Method 2: Rabin-Karp algorithm

    In this method, we use a hash function to hash pat and hash part of txt of size m and apply the rolling hash method and is the hash function of part of txt match with pat then check pat and txt character by character.

    Time Complexity: O(n-m+1) Average

    Time Complexity: O(n-m+1) Worst

        eg: txt: a a a a a b    and     pat: a a b

    Let the hashing begin with 1 and end with 26 as:

        hash(a): 1
        hash(b): 2
        -----------
        -----------
        hash(z): 26

        hash(a a a): 1+1+1=3
        hash(a a b): 1+1+2=4
        hash(pattern): 1+1+2=4

        Every we get 'a a a' this means we have 1+1+1=3 as hash(aaa) = 1+1+1=3.
        The hash(pattern) matched to txt as the last position so we check character by character by character. 
            Pattern: a a b
            Text:       a a b
                So we get each character will be the same and at the same position so pat match with txt.
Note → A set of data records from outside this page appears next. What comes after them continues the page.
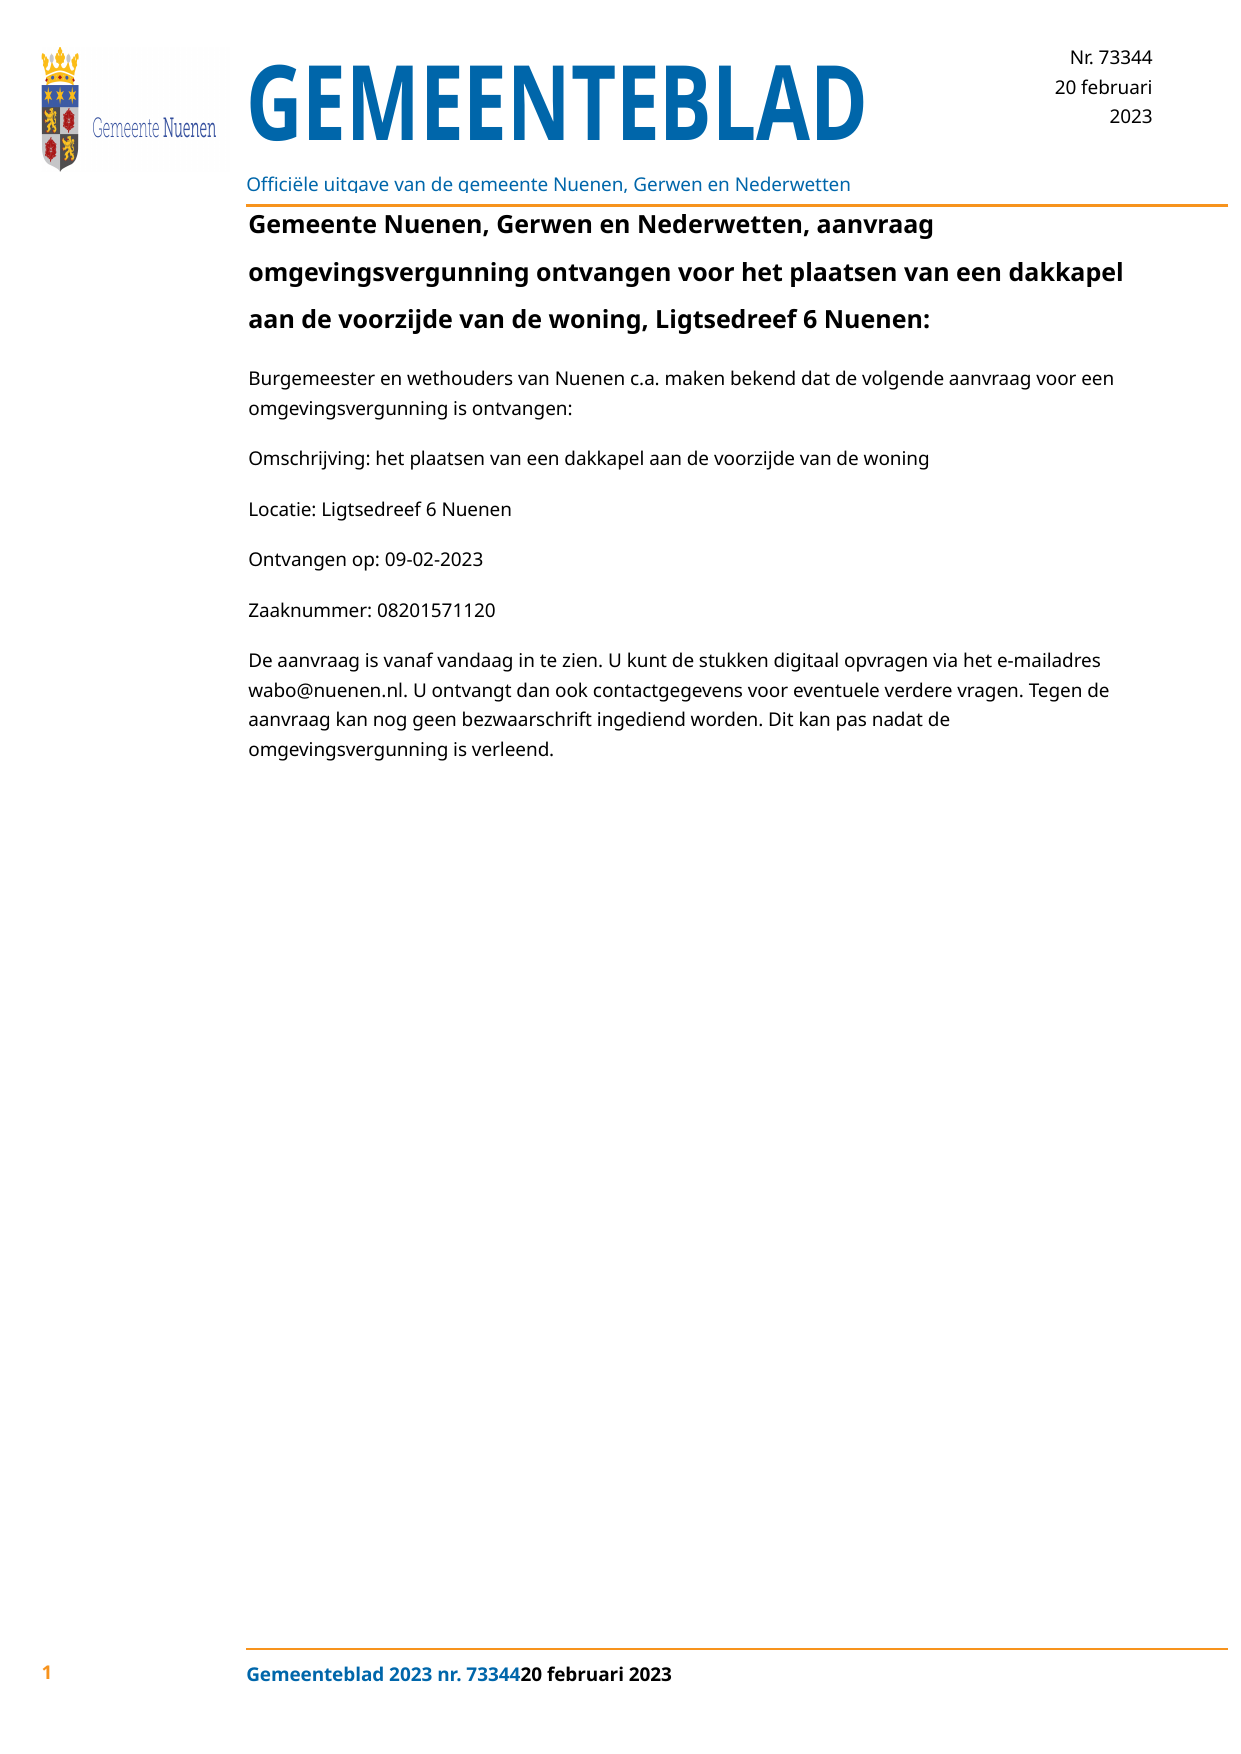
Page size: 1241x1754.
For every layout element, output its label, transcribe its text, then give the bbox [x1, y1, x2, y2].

text Burgemeester en wethouders van Nuenen c.a. maken bekend dat de volgende aanvraag voor een omgevingsvergunning is ontvangen: [248, 366, 1152, 421]
picture [41, 47, 231, 172]
text Omschrijving: het plaatsen van een dakkapel aan de voorzijde van de woning [248, 446, 1152, 471]
text Zaaknummer: 08201571120 [248, 597, 1152, 622]
text Ontvangen op: 09-02-2023 [248, 546, 1152, 572]
text Locatie: Ligtsedreef 6 Nuenen [248, 496, 1152, 522]
text De aanvraag is vanaf vandaag in te zien. U kunt de stukken digitaal opvragen via het e-mailadres wabo@nuenen.nl. U ontvangt dan ook contactgegevens voor eventuele verdere vragen. Tegen de aanvraag kan nog geen bezwaarschrift ingediend worden. Dit kan pas nadat de omgevingsvergunning is verleend. [248, 647, 1152, 762]
text Gemeente Nuenen, Gerwen en Nederwetten, aanvraag omgevingsvergunning ontvangen voor het plaatsen van een dakkapel aan de voorzijde van de woning, Ligtsedreef 6 Nuenen: [248, 207, 1152, 336]

    But in the above approach there will be some problem that we will be seen with this example:
        eg: txt: c c a c c a e d b a    and    pat: d b a


        hash(pattern): 4+2+1=7

        hash(c c a): 3+3+1=7    Hash function same but character not matching
        hash(c a c): 3+1+3=7    Hash function same but character not matching
        hash(a c c): 1+3+3=7    Hash function same but character not matching
        hash(c c a): 3+3+1=7    Hash function same but character not matching
        hash(c a a): 3+1+1=5    Hash function not matching
        hash(a a e): 1+1+5=7    Hash function same but character not matching
        hash(a e d): 1+5+4=9    Hash function not matching
        hash(e d b): 5+4+2=11    Hash function not matching
        hash(e d b): 5+4+2=11    Hash function not matching
        hash(d b a): 4+2+1=7    Hash and character matching so we can check char by char
            txt: d b a
            pat: d b a
                so characters also matched so pattern matched to the string. This called spurious hits.
        Here the problem is that in some part of the string, the hash function is equal to the hash function of the pattern but it does not contain the same characters. To remove this problem we can use this method:
        hash(a1 a2 a3): [hash(a1)*pow(k,m-1)] + [hash(a2)*pow(k,m-2)]+ [hash(a1)*pow(k,m-3)]
            where k can be any number greater than range, like in alphabet 26, if the character isn't defined use k=256, for here assume k=10

Rolling hash function: In rolling hashing function we use a window with specific size and find the hash of a part of the string. Now we move window one step ahead, to find the hash value of that we simply remove the first element hash of the previous window and rehash( move all the elements one step left ) and add the last element of a current hash.
        Like in the above example if we have hash(c c a) and we want hash(c a c) we remove the first hash(c) of the old window and last hash(c) of the current window.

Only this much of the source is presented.